## WHAT YOU HAVE TO DO
Make an exact copy of the listing underneath, skipping each picture.

═══ PROVIDED INFORMATION

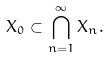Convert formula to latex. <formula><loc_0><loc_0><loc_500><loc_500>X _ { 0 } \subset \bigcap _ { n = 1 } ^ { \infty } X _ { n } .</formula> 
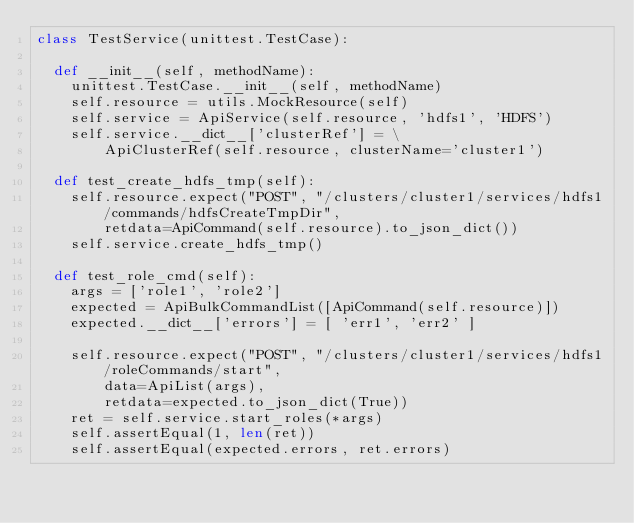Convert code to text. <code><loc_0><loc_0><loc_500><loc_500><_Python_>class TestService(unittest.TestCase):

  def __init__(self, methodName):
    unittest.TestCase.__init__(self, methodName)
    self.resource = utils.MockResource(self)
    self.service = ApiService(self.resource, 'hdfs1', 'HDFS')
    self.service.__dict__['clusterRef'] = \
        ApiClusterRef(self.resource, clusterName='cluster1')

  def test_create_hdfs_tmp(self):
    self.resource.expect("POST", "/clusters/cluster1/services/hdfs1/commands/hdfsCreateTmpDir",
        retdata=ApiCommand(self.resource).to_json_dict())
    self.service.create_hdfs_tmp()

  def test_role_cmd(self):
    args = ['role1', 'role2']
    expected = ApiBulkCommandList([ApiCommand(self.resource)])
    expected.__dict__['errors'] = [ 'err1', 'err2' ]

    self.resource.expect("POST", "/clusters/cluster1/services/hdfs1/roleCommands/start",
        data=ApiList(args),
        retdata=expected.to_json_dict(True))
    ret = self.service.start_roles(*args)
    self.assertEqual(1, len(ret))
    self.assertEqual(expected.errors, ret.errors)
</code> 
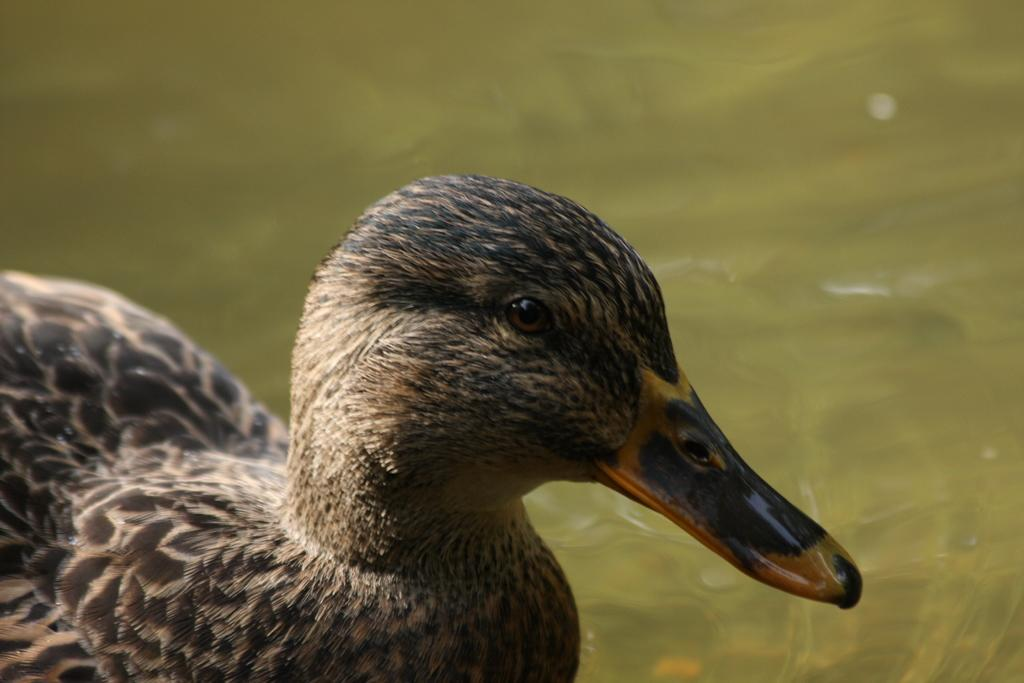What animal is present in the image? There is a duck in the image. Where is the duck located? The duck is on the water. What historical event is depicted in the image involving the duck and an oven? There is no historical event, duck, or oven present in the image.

══════

## RESULT OF THIS TASK
Convert formula to latex. <formula><loc_0><loc_0><loc_500><loc_500>X _ { 0 } \subset \bigcap _ { n = 1 } ^ { \infty } X _ { n } .</formula> 
Convert code to text. <code><loc_0><loc_0><loc_500><loc_500><_Python_>class TestService(unittest.TestCase):

  def __init__(self, methodName):
    unittest.TestCase.__init__(self, methodName)
    self.resource = utils.MockResource(self)
    self.service = ApiService(self.resource, 'hdfs1', 'HDFS')
    self.service.__dict__['clusterRef'] = \
        ApiClusterRef(self.resource, clusterName='cluster1')

  def test_create_hdfs_tmp(self):
    self.resource.expect("POST", "/clusters/cluster1/services/hdfs1/commands/hdfsCreateTmpDir",
        retdata=ApiCommand(self.resource).to_json_dict())
    self.service.create_hdfs_tmp()

  def test_role_cmd(self):
    args = ['role1', 'role2']
    expected = ApiBulkCommandList([ApiCommand(self.resource)])
    expected.__dict__['errors'] = [ 'err1', 'err2' ]

    self.resource.expect("POST", "/clusters/cluster1/services/hdfs1/roleCommands/start",
        data=ApiList(args),
        retdata=expected.to_json_dict(True))
    ret = self.service.start_roles(*args)
    self.assertEqual(1, len(ret))
    self.assertEqual(expected.errors, ret.errors)
</code> 
What animal is present in the image? There is a duck in the image. Where is the duck located? The duck is on the water. What historical event is depicted in the image involving the duck and an oven? There is no historical event, duck, or oven present in the image.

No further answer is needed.